For both of them, after a whole year's worth of talking about it, sporadic practicing, and hoping, both of my kids lost at various early stages of the school bee.  I felt so badly for both of them-- they were both so disappointed.  But I was encouraged that my son, for the first time in his three years of spelling bees, actually turned the blame for his loss on himself, rather than on a pronouncer or something else.  Even though I was heartbroken for them (and felt a share of the guilt, for not helping practice more or for maybe getting their hopes a little too high?), I felt that this was an important step in a maturing young person-- accepting responsibility and deciding internally to try harder or practice more next year.

While it is definitely worse to watch my children hurt over something than it would be to go through myself, I realized that we were given a priceless growth opportunity.  I remembered some of my growing-up failures and disappointments and all the ways they made me better.

As some of you know, I used to play competitive sports.  Sometimes this could be a very roller coaster experience on many levels.   Lets just say the types of catty behaviors for which teen girls are notorious are also sometimes displayed within a sports setting.  Another way is, well, the competitive nature of competitive sports!  I remember multiple times, after putting it all on the field at a try-out, going hopefully with a friend to look at a team roster, only to feel that sinking devastating feeling when my friend found her name and mine was heart-stoppingly absent.  (One specific friend who I had this experience with a few times, clear into college, was so sweet and empathetic, and brought me a bag of candy with a note a couple of different times)  In retrospect, it's just a game!  But when I was young it was (embarrassing to say it now) my life.  In high school and college track, I would watch a very talented individual here and there who could win without much effort at all, while I had to work my guts out.  At some point I realized that I was a winner for working hard and doing my best, and that I was the lucky one for having to work at it and learn to set goals and cope with failure.

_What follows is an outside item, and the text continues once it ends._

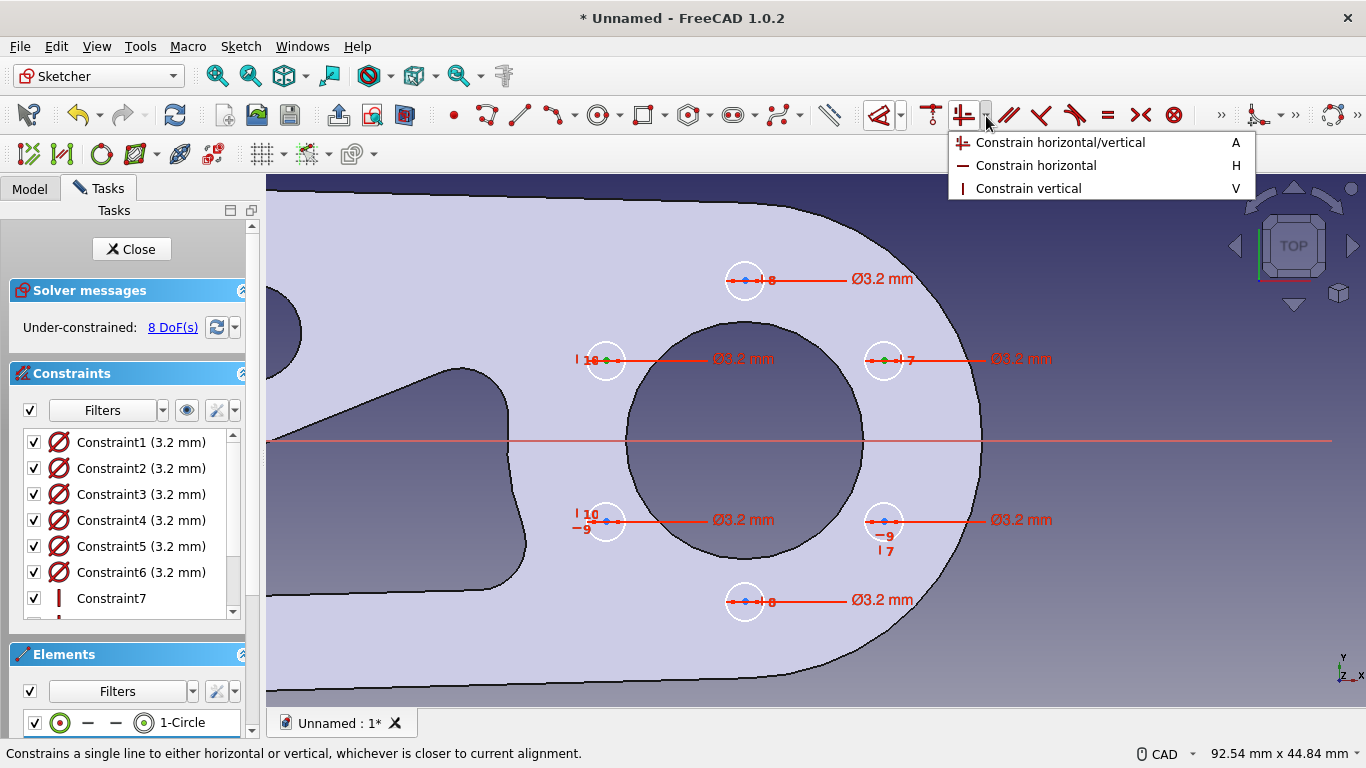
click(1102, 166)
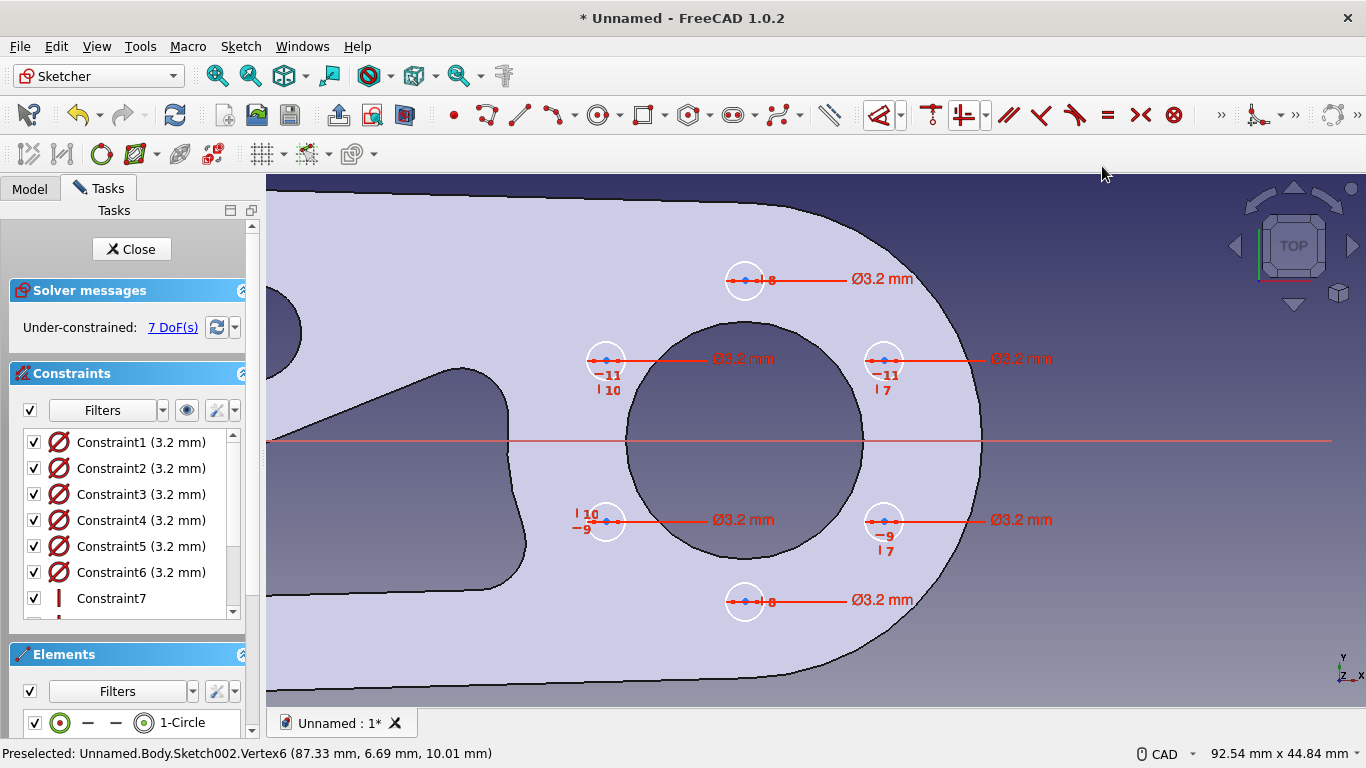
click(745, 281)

Or the time I thought I had no friends that shared my lunch in high school, only to go outside for something near the end of a semester I had often sat alone, to watch them speeding away in a car, smiling and laughing.  Ouch.  It hurt.  But I also realized that maybe I was with the wrong friends.  I found a much better group of friends after a painful but enlightening period of alone-ness that, in the end, made me a stronger, better, more happy-with-myself person than I was before.

So, with my own kids, do I want to protect them from stuff like this?  You bet.  Do I want to watch them get hurt, be disappointed, fail?   Of course not.  Yet in other ways, these types of experiences are what refine us and make us better and stronger.

There was a quote on a white piece of poster board high on the wall in my kindergarten classroom.  It read:  "We all make mistakes.  That's the way we learn."   Isn't it funny that I remember that?  When so much of early life can be such a blur?  So maybe learning from the important people in our children's lives at a young age, that we accept and love you no matter what, that we are all making mistakes, and learning from them, all  the time-- and that is okay.  It's the trying that counts.

So, after another long-winded post, here are some ideas I've brainstormed as well as gleaned from a beautiful article I read about teaching kids resilience, just this morning.

1.  Help them learn to accept responsibility for their preparation.

2.  Help them look around and empathize with competitors.  To be happy for kids when they win, and to sympathize with a friend who does not.

3.  Help them see the end goal of anything competitive-- to better themselves and be a good sport.

4.  I know not everyone out there will relate to this one, but in case you do: pray with them before hand.  This seems to do a lot to help my kiddos feel calm, as well as helping him/her to see the big picture. (a great thing to do if they are sad afterward, too!)

5.  Help them recognize that failure and mistakes are learning opportunities.

6.  Help them take responsibility for outcomes that were less than ideal, even if a loss wasn't completely his/her fault.

7.  Teach that hard work, effort, and good sportsmanship make them winners no matter the outcome.

8.  Sit down in the dirt and cry with them.  Be supportive and empathetic as they work through what they could have done differently, without blame or I-told-you-so's (I have tried to step back a little and let my kids take responsibility for assignments and things and sometimes this is hard, when you try to encourage them to prepare a little more, but then leave consequences to them).  Love and support them and empathize with them no matter what, but don't join in if they try to shift blame elsewhere.

9.  Then show support for renewed efforts.  Or not.  Part of childhood is trying new things, feeling safe in trying those new things, and deciding when, how, or what to do next.

10.  Give examples in your own life of disappointments and how they made you a better person.

11.  Praise effort.  This encourages them more effectively than praising results.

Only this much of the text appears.